The GitHub crawler does not seem to wait between each query to the GitHub API (API rate limit exceeded)

Open SyleKu opened this issue 3 years ago • 1 comments

Summary

By crawling a GitHub organisation the rate limit will exceed at the really beginning of the crawling since the organisatzion that is going to be crawled has a lot of repositories.

Type of Issue

It is a :

[X] bug
[X] request
[ ] question regarding the documentation

Motivation

I am trying to crawl a github organisation (https://github.com/python) but unfortunately at the really early stage of the crawling the github-crawler-starter-2.0.1-exec.jar is throwing this error:

2022-04-27 11:35:00.382 ERROR 23962 --- [           main] ication$$EnhancerBySpringCGLIB$$1b1fa732 : problem while running github crawler


com.fasterxml.jackson.module.kotlin.MissingKotlinParameterException: Instantiation of [simple type, class com.societegenerale.githubcrawler.model.SearchResult] value failed for JSON property items due to missing (therefore NULL) value for creator parameter items which is a non-nullable type
 at [Source: (String)"{"message":"API rate limit exceeded for user ID [USERID].","documentation_url":"https://docs.github.com/rest/overview/resources-in-the-rest-api#rate-limiting"}"; line: 1, column: 158] (through reference chain: com.societegenerale.githubcrawler.model.SearchResult["items"])

[...]

com.fasterxml.jackson.module.kotlin.MissingKotlinParameterException: Instantiation of [simple type, class com.societegenerale.githubcrawler.model.SearchResult] value failed for JSON property items due to missing (therefore NULL) value for creator parameter items which is a non-nullable type
 at [Source: (String)"{
  "documentation_url": "https://docs.github.com/en/free-pro-team@latest/rest/overview/resources-in-the-rest-api#secondary-rate-limits",
  "message": "You have exceeded a secondary rate limit. Please wait a few minutes before you try again."
}
"; line: 4, column: 1] (through reference chain: com.societegenerale.githubcrawler.model.SearchResult["items"])
        at com.fasterxml.jackson.module.kotlin.KotlinValueInstantiator.createFromObjectWith(KotlinValueInstantiator.kt:116) ~[jackson-module-kotlin-2.12.6.jar!/:2.12.6]
        at com.fasterxml.jackson.databind.deser.impl.PropertyBasedCreator.build(PropertyBasedCreator.java:202) ~[jackson-databind-2.12.6.jar!/:2.12.6]
        at com.fasterxml.jackson.databind.deser.BeanDeserializer._deserializeUsingPropertyBased(BeanDeserializer.java:520) ~[jackson-databind-2.12.6.jar!/:2.12.6]

[...]

These two errors are of course because of the rate limit, so that there is not the expected result inside the received arguments. Unfortunately the application will terminate right here.

Current Behavior

No matter if running the code crawl-in-parallel is true or false, the rate limit always gets exceeded.

Expected Behavior

A default parameter which respects the GitHub API where the application will wait every 10 seconds between each query should be available to avoid getting banned. The user itself should also be able to change the amount of time wait between each query in the config file.
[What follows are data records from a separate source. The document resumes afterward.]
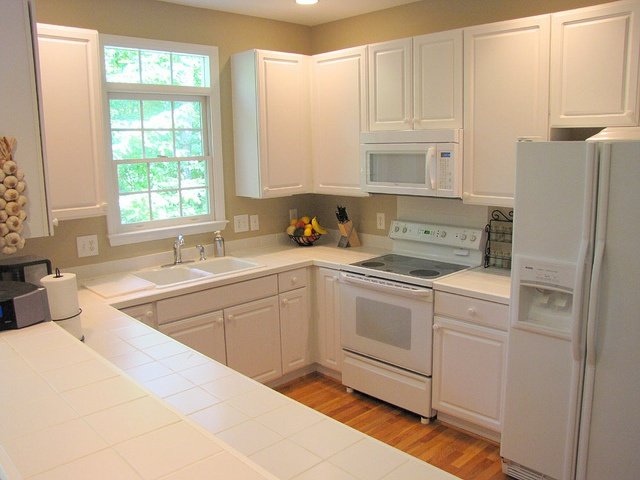Describe the objects in this image and their specific colors. I can see refrigerator in gray and darkgray tones, oven in gray, tan, and darkgray tones, microwave in gray, darkgray, and tan tones, sink in gray, tan, and lightgray tones, and sink in gray, tan, and lightgray tones in this image. 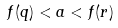<formula> <loc_0><loc_0><loc_500><loc_500>f ( q ) < a < f ( r )</formula> 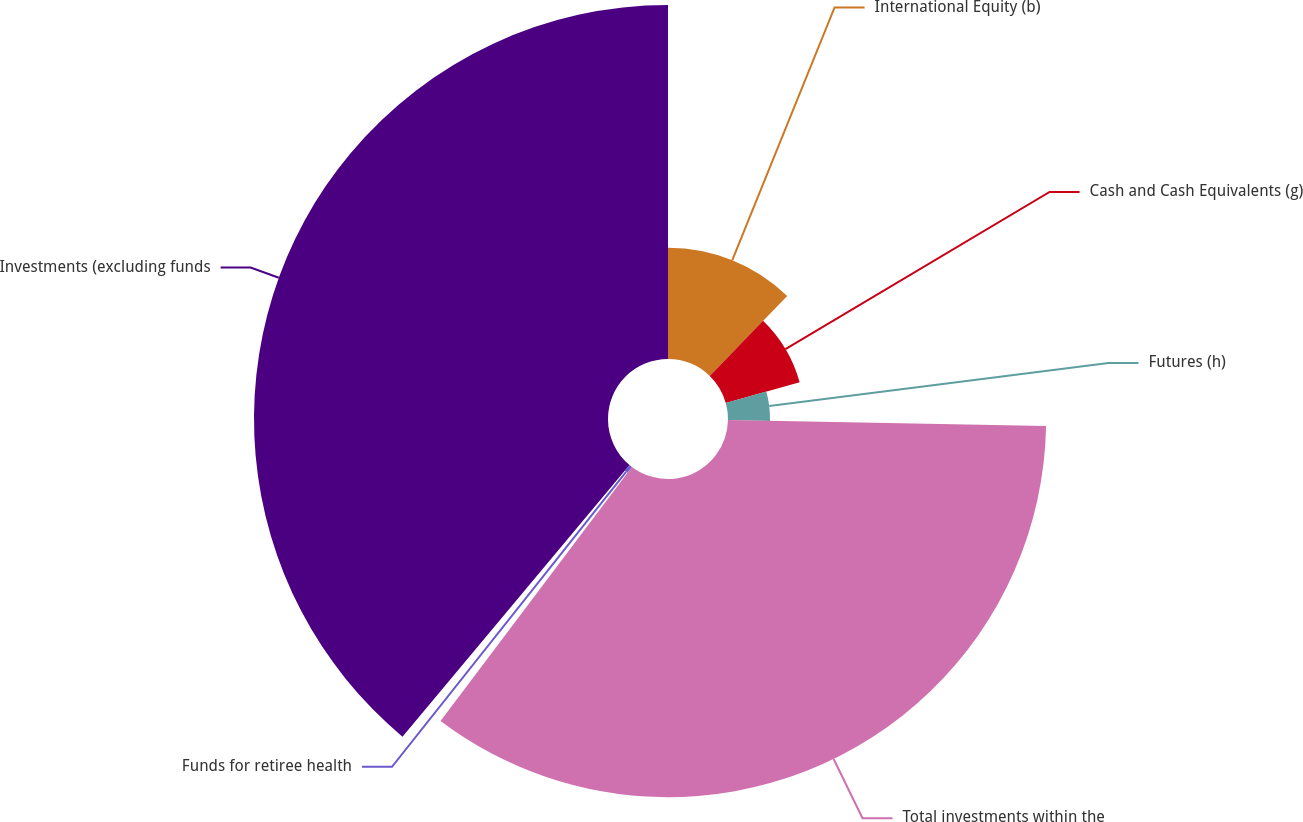Convert chart to OTSL. <chart><loc_0><loc_0><loc_500><loc_500><pie_chart><fcel>International Equity (b)<fcel>Cash and Cash Equivalents (g)<fcel>Futures (h)<fcel>Total investments within the<fcel>Funds for retiree health<fcel>Investments (excluding funds<nl><fcel>12.24%<fcel>8.43%<fcel>4.62%<fcel>34.97%<fcel>0.81%<fcel>38.91%<nl></chart> 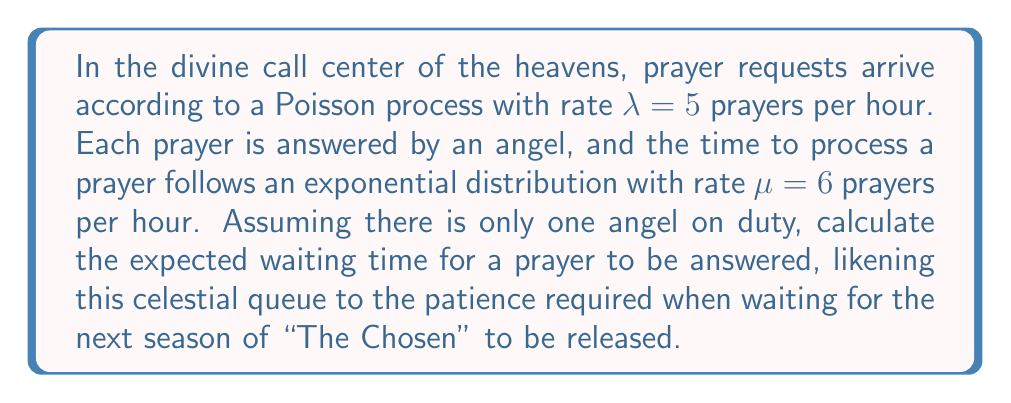Help me with this question. To solve this problem, we'll use the M/M/1 queuing model, where:
M: Markovian arrival process (Poisson)
M: Markovian service times (Exponential)
1: Single server (one angel)

Step 1: Calculate the utilization factor $\rho$
$$\rho = \frac{\lambda}{\mu} = \frac{5}{6} \approx 0.833$$

Step 2: Calculate the expected number of prayers in the system (L)
$$L = \frac{\rho}{1-\rho} = \frac{5/6}{1-5/6} = 5$$

Step 3: Apply Little's Law to find the expected time in the system (W)
$$W = \frac{L}{\lambda} = \frac{5}{5} = 1 \text{ hour}$$

Step 4: Calculate the expected service time (S)
$$S = \frac{1}{\mu} = \frac{1}{6} \text{ hour}$$

Step 5: Calculate the expected waiting time (Wq)
$$W_q = W - S = 1 - \frac{1}{6} = \frac{5}{6} \text{ hour}$$

Therefore, the expected waiting time for a prayer to be answered is $\frac{5}{6}$ hour or 50 minutes.
Answer: $\frac{5}{6}$ hour

I hope this is still somehow possible to do in the current release. If I missed it, could you please let me know what I have to do, to respect the GitHub API waiting time?

Please do not hesitate to contact me if you need more information.

Apr 27 '22 17:04 SyleKu

duplicates with https://github.com/societe-generale/github-crawler/issues/58

the manual workaround is to run the crawler in debug mode, and put a dynamic breakpoint (when it process a repository just before hitting the throttle limit), wait enough, then release the breakpoint

I don't think I will have time to work on this any time soon.. would you be interested in contributing ? I would be able to support you a bit

Apr 27 '22 17:04 vincent-fuchs